The U.S. Army Joint Modernization Command,[1] or JMC, was formerly the Brigade Modernization Command (BMC). The BMC was previously the Future Force Integration Directorate (FFID). It is subordinate to The U.S. Army's Training and Doctrine Command (TRADOC) and is part of the Army Capabilities Integration Center (ARCIC). The change reflects the Army’s commitment to its Incremental Brigade Modernization strategy and its effort to make BMC and the 2nd Brigade, 1st Armored Division the centerpiece of integrated network evaluations at Fort Bliss and White Sands Missile Range.

BMC conducts the integration and evaluations of the Army's network, capability packages and other capabilities to provide Doctrine, Organization, Training, Materiel, Leadership and Education, Personnel and Facilities recommendations to the Army. BMC gets capability solutions into the hands of soldiers faster than traditional channels by utilizing support from combat, training, and material developers and engineers early on in the development lifecycle.


2/1 AD soldiers firing the M777 Howitzer at White Sands Missile Range. (Photo By Wes Elliott, U.S. Army)
2/1 AD soldiers firing the Paladin at White Sands Missile Range. (Photo By Wes Elliott, U.S. Army)

The Brigade Modernization Command was initially founded as the Future Force Integration Directorate at Fort Bliss, Texas, based on an Army Chief of Staff directive to Training and Doctrine Command, dated December 20, 2005 to establish an on-site integration organization to facilitate development, testing and evaluation of the Future Combat Systems. FFID was organized as a directorate of the Army Capabilities Integration Center, a subordinate unit of TRADOC.

The organization's initial mission was to synchronize delivery, preparation and evaluation of all FCS-related products, which included complementary systems; development of doctrine, organization and training and leadership products which were synchronized with the FCS program manager, materiel developments and to exercise direct authority over the Army Evaluation Task Force, a unit of Soldiers that would test and evaluate the equipment.

The first FFID operations began at Fort Bliss on June 15, 2006. In December 2006, FFID was officially designated to exercise direct authority over the AETF. The AETF was officially activated on December 16, 2006 as the 5th Brigade Combat Team, 1st Armored Division, AETF.

In March 2007, ARCIC approved additional personnel for a general officer staff organization, which replicated a division headquarters. Brig. Gen. James L. Terry, FFID's first director, was welcomed in a formal ceremony on April 6, 2007. The establishment phase was scheduled to continue through June 2007.

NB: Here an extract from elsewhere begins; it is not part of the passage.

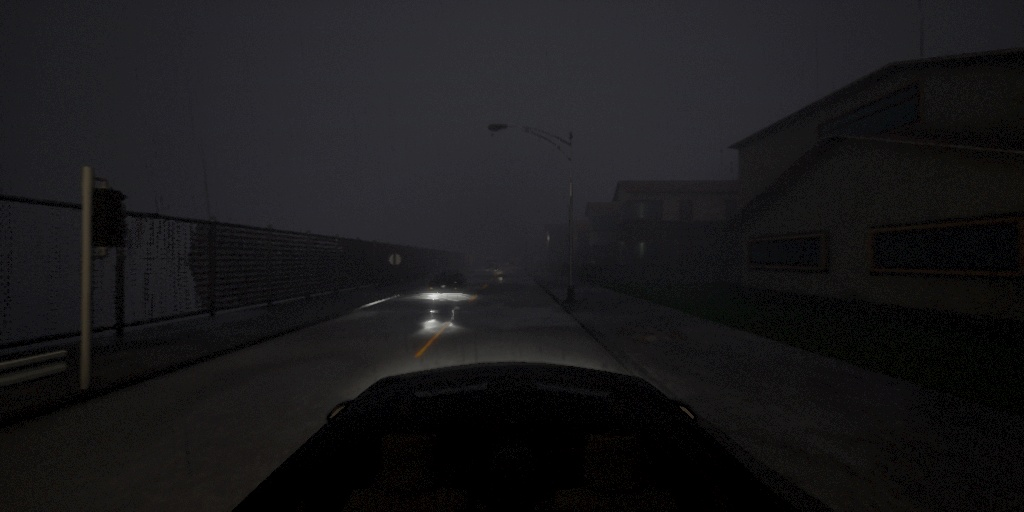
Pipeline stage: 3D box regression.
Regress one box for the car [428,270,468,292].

In August 2007, the FFID mission was modified to integrate modernization efforts in support of Army transformation in order to provide FCS-enabled modular brigades beginning Fiscal Year 2011 and an FCS Brigade Combat Team at full operational capability in 2017 to joint force commanders. On October 1, 2007, FFID attained initial operational capability and assumed responsibility of FCS from the Unit of Action Maneuver Battle Laboratory based at Fort Knox, Ky.

During its short history, the organization conducted numerous training and testing events, as well as demonstrations of FCS capabilities for visits by senior Department of Defense and Army leadership, congressional leaders and staffers, business executives and national and local news media representatives. Distinguished visitors included the Secretary of Defense, Chief of Staff of the Army, Chairman of the House Armed Services Committee and other notable politicians and congressional staff delegations.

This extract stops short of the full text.